Appropriate effects on respiratory output. A CRC must have the capability of increasing respiratory output in response to an increase in CO2. This could be accomplished if the neurone is part of the respiratory network, or if it projects to respiratory neurones and releases neurotransmitters that influence respiratory output.
Assumptions that cannot be made about central respiratory chemoreceptors
Although assumptions are often made about the following properties of CRCs, they cannot be substantiated until the CRCs have been unequivocally identified.
Primary stimulus. It is often assumed that the primary stimulus for central chemoreception is either intracellular pH or extracellular pH, and there is good evidence for this in some CRC candidates (Wang et al. 2002; Putnam et al. 2004), but it remains possible that some CRCs respond instead to HCO3 or molecular CO2.

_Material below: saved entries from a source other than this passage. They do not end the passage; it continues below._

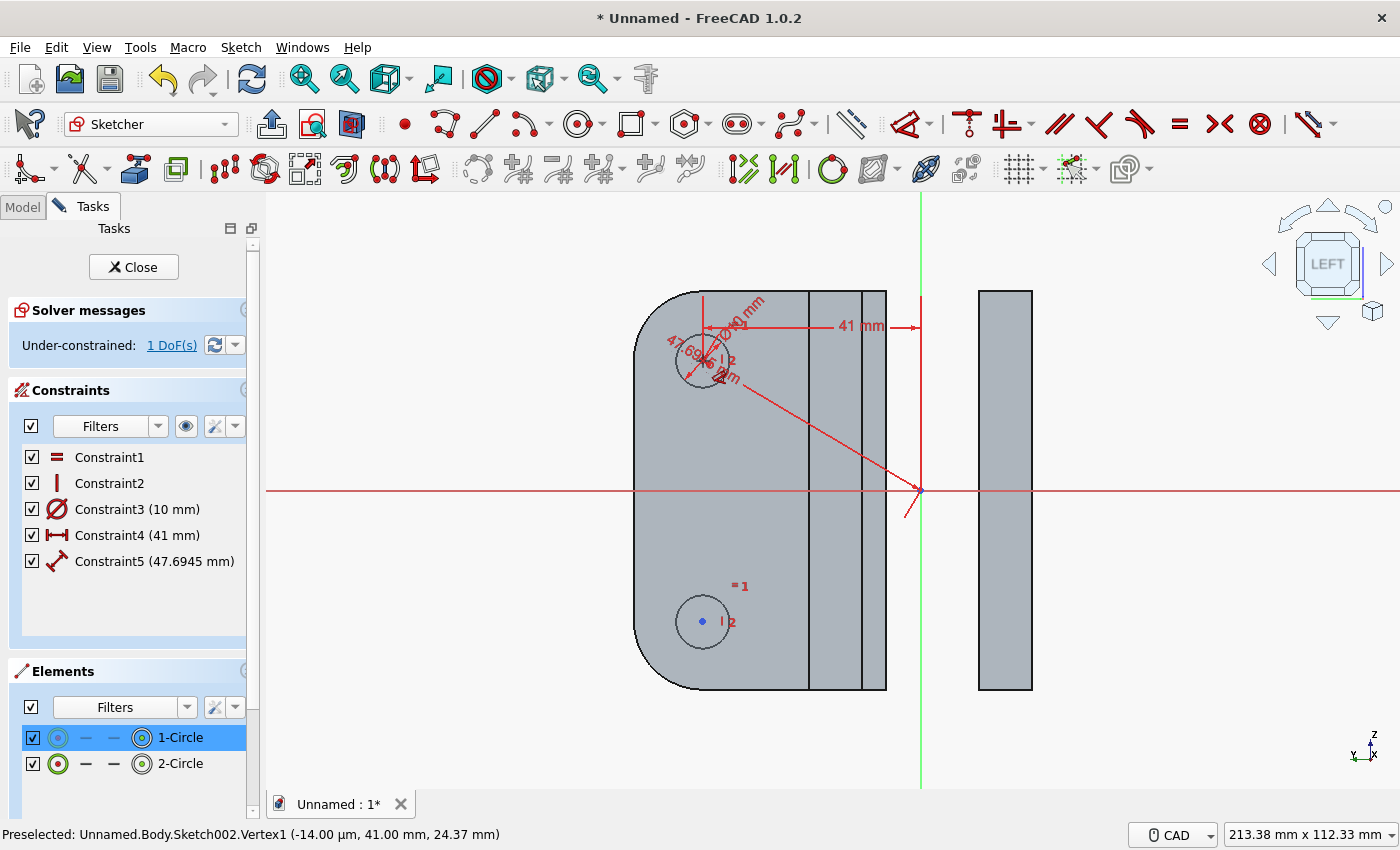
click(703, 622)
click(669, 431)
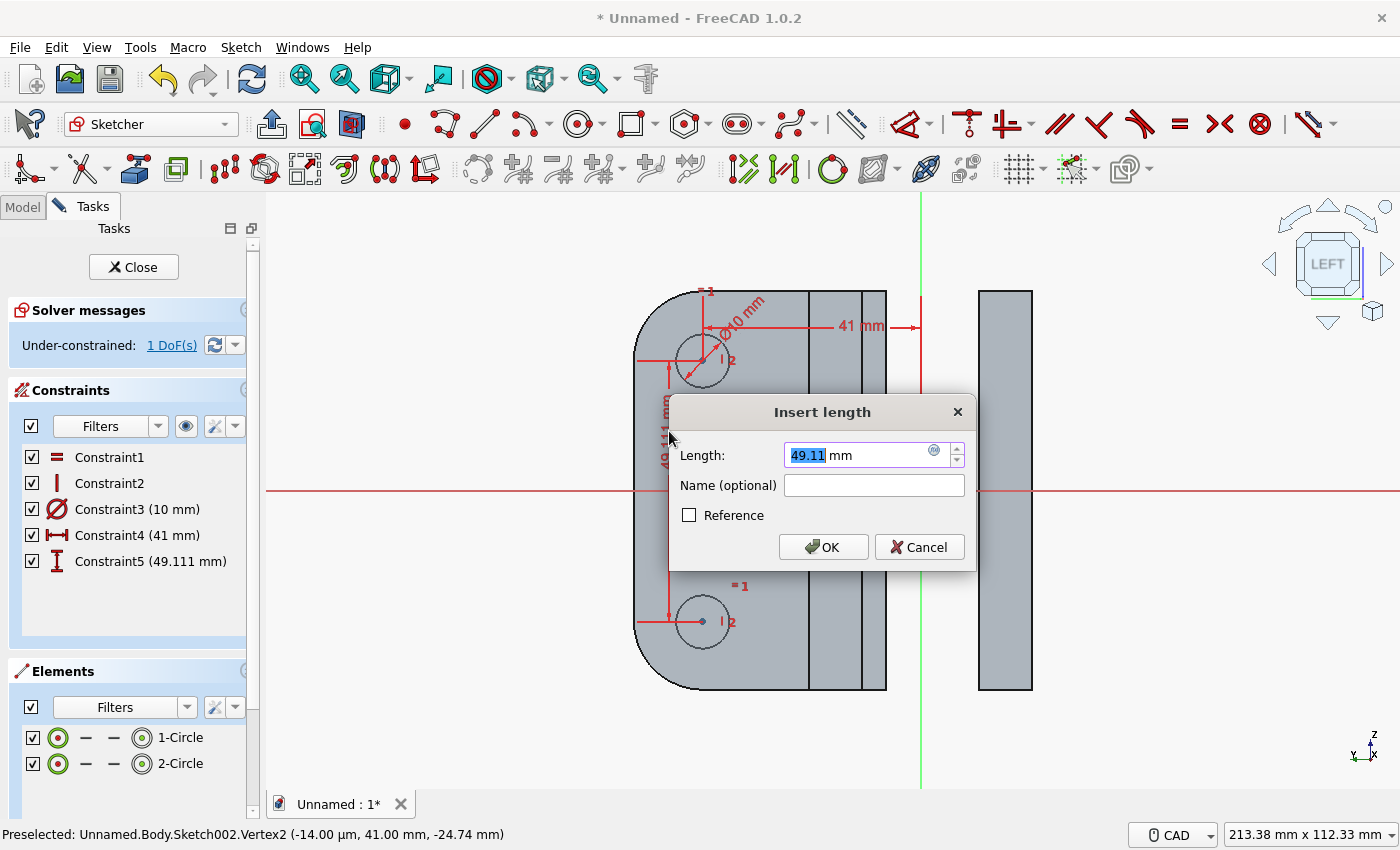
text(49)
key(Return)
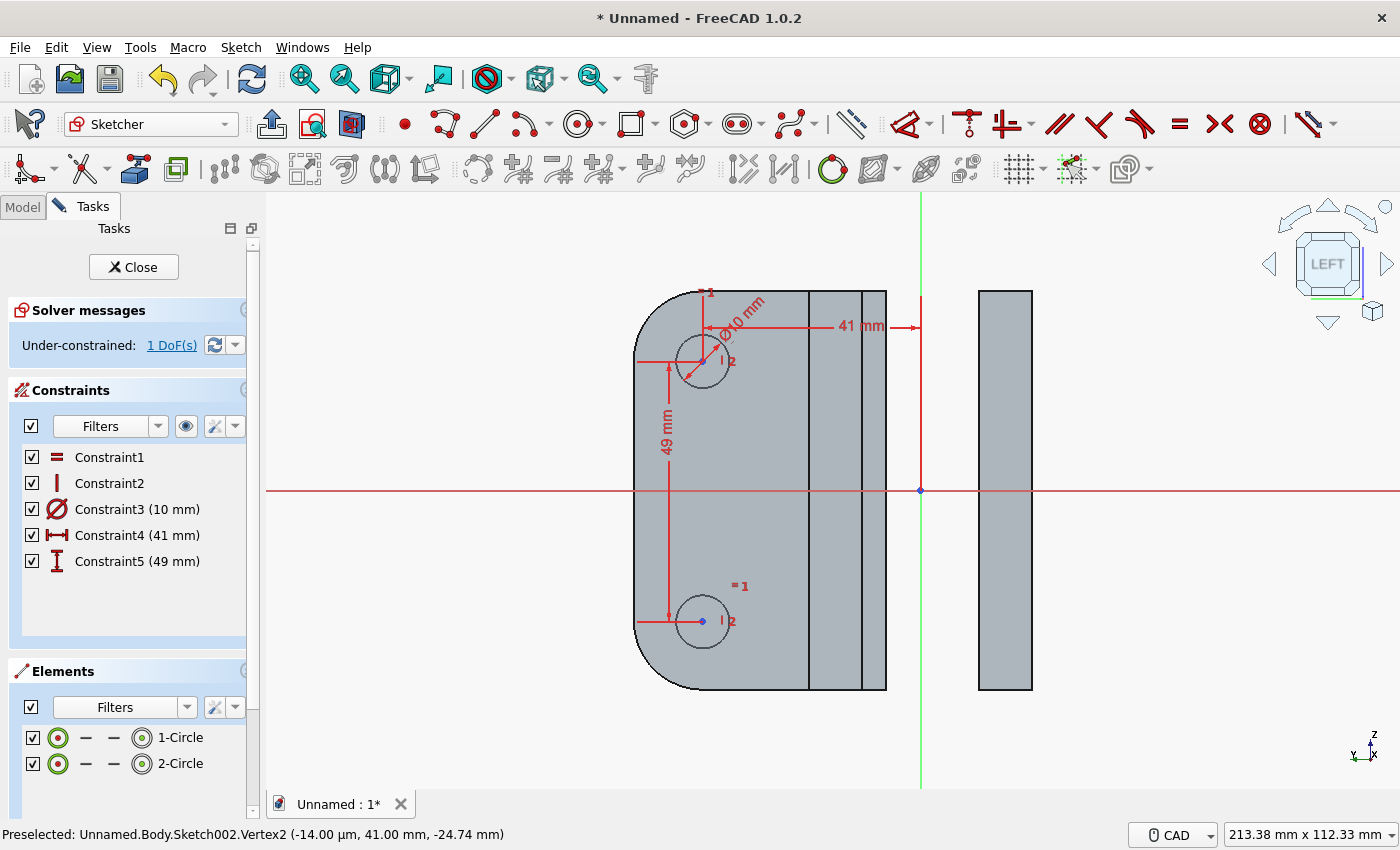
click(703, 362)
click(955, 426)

Type of response to acidosis. It is often assumed that the CRCs are neurones stimulated by acidosis and in turn stimulate breathing, but a CRC could also be inhibited by acidosis and then in turn release respiratory output from tonic inhibition (Wang et al. 2001). There is a precedent for such inhibitory respiratory chemoreceptors in reptiles and birds (Powell et al. 1988). It is also possible that some CRCs are glia.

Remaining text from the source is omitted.